Two broadcasts this week were highlighted. On TVNET, political analyst Ihsan Aktas argued that the war in Gaza shattered the idea of total U.S.-Israeli power. He said, “The U.S. is not so self-confident,” and claimed social media now prevents Israel from hiding its actions the way it once could. Aktas also said Israeli attacks on Iran proved its limits, predicted that Benjamin Netanyahu may not survive politically, and added that “Israel will no longer be able to wake up and start a war against any country it wants.”
Aktas also repeated conspiracy claims about U.S. history, saying John F. Kennedy was killed because he opposed Israel and its nuclear buildup. He said the Gaza war has made Jews around the world less safe and that “humanity as a whole has begun to despise them” because of alleged crimes in Gaza.
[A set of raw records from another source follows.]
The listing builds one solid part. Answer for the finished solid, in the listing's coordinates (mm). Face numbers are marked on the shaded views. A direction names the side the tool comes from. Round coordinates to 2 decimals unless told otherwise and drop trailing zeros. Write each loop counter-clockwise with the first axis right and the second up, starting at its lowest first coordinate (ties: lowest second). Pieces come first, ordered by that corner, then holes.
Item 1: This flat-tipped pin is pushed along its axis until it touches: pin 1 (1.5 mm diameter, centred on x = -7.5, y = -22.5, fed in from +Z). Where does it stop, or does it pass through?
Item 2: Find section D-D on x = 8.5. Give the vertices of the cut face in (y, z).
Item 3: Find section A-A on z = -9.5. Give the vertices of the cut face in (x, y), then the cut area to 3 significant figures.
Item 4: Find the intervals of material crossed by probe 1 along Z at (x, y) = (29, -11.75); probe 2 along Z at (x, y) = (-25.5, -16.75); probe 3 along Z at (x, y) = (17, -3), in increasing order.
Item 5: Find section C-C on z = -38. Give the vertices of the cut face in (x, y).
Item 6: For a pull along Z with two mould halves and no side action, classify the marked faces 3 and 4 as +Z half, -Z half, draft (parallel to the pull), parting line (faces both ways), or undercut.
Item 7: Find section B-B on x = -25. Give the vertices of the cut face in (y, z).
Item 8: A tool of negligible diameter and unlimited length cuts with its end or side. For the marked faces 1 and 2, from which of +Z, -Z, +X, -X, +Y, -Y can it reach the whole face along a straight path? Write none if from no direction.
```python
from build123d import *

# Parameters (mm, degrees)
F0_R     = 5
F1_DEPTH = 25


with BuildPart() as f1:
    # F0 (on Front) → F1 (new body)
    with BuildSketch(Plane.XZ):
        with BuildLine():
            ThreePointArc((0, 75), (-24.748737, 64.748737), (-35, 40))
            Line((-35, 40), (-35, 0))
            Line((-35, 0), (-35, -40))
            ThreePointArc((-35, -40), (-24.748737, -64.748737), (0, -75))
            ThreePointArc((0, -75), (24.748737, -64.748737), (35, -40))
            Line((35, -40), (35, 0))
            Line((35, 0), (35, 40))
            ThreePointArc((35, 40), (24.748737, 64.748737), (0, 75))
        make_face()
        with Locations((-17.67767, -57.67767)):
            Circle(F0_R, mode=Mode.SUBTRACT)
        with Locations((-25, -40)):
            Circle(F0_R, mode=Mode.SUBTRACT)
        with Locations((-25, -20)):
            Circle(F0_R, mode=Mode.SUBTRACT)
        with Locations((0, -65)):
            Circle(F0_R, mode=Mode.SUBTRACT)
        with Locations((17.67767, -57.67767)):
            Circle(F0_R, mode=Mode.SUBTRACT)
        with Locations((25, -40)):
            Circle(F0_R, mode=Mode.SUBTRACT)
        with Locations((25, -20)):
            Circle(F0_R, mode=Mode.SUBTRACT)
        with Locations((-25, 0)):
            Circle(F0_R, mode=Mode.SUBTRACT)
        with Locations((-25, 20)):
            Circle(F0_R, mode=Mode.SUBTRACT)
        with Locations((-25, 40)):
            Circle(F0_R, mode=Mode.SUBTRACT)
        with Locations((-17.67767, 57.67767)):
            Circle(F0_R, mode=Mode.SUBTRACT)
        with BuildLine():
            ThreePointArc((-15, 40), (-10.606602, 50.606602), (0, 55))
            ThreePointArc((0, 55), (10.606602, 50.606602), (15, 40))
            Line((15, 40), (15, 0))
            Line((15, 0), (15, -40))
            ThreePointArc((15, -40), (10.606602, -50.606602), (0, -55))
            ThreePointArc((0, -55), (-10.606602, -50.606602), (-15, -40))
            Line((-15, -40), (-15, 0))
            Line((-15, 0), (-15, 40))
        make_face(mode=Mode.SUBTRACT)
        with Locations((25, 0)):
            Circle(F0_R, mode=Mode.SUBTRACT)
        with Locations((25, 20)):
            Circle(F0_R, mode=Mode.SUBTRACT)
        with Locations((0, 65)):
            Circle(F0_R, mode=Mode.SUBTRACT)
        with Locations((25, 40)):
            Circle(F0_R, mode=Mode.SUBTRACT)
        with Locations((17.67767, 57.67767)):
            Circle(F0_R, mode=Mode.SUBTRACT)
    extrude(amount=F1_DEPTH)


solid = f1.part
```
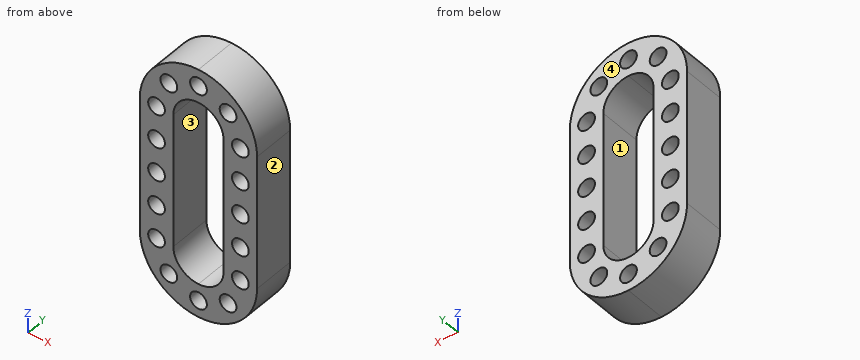
Check values:
1. pin 1: stops at z = 74.34
2. outline: (-25, -73.95) - (0, -73.95) - (0, -52.36) - (-25, -52.36) - close; (-25, 52.36) - (0, 52.36) - (0, 73.95) - (-25, 73.95) - close
3. outline: (-35, -25) - (-15, -25) - (-15, 0) - (-35, 0) - close; (15, -25) - (35, -25) - (35, 0) - (15, 0) - close
3. area: 1,000 mm2
4. probe 1: z = -59.6 to -43, -37 to -23, -17 to -3, 3 to 17, 23 to 37, 43 to 59.6
4. probe 2: z = -63.97 to -44.97, -35.03 to -24.97, -15.03 to -4.97, 4.97 to 15.03, 24.97 to 35.03, 44.97 to 63.97
4. probe 3: z = -70.59 to -62.63, -52.72 to 52.72, 62.63 to 70.59
5. outline: (-35, -25) - (-29.58, -25) - (-29.58, 0) - (-35, 0) - close; (-20.42, -25) - (-15, -25) - (-15, 0) - (-20.42, 0) - close; (15, -25) - (20.42, -25) - (20.42, 0) - (15, 0) - close; (29.58, -25) - (35, -25) - (35, 0) - (29.58, 0) - close
6. face 3: undercut
6. face 4: draft
7. outline: (-25, -64.49) - (0, -64.49) - (0, -45) - (-25, -45) - close; (-25, -35) - (0, -35) - (0, -25) - (-25, -25) - close; (-25, -15) - (0, -15) - (0, -5) - (-25, -5) - close; (-25, 5) - (0, 5) - (0, 15) - (-25, 15) - close; (-25, 25) - (0, 25) - (0, 35) - (-25, 35) - close; (-25, 45) - (0, 45) - (0, 64.49) - (-25, 64.49) - close
8. face 1: +Y, -Y
8. face 2: +Z, -Z, +X, +Y, -Y

In a second program on Yeni Şafak’s official YouTube channel, host Ersin Celik and strategist Ibrahim Ufuk Kaynak described the Abraham Accords as a U.S.-Israeli scheme to sideline Turkey from trade routes. Kaynak attacked India, Israel, South Cyprus and Greece as an anti-Turkey regional bloc, dismissed India’s political wisdom, compared Indian caste society with Israel, and said Zionists want Christian communities to worship them. He forecast major global upheavals between 2030 and 2035 and said Turkey will emerge as a global superpower, with AI used for humanity’s benefit. He concluded that there will be nowhere in the world Turkey cannot reach.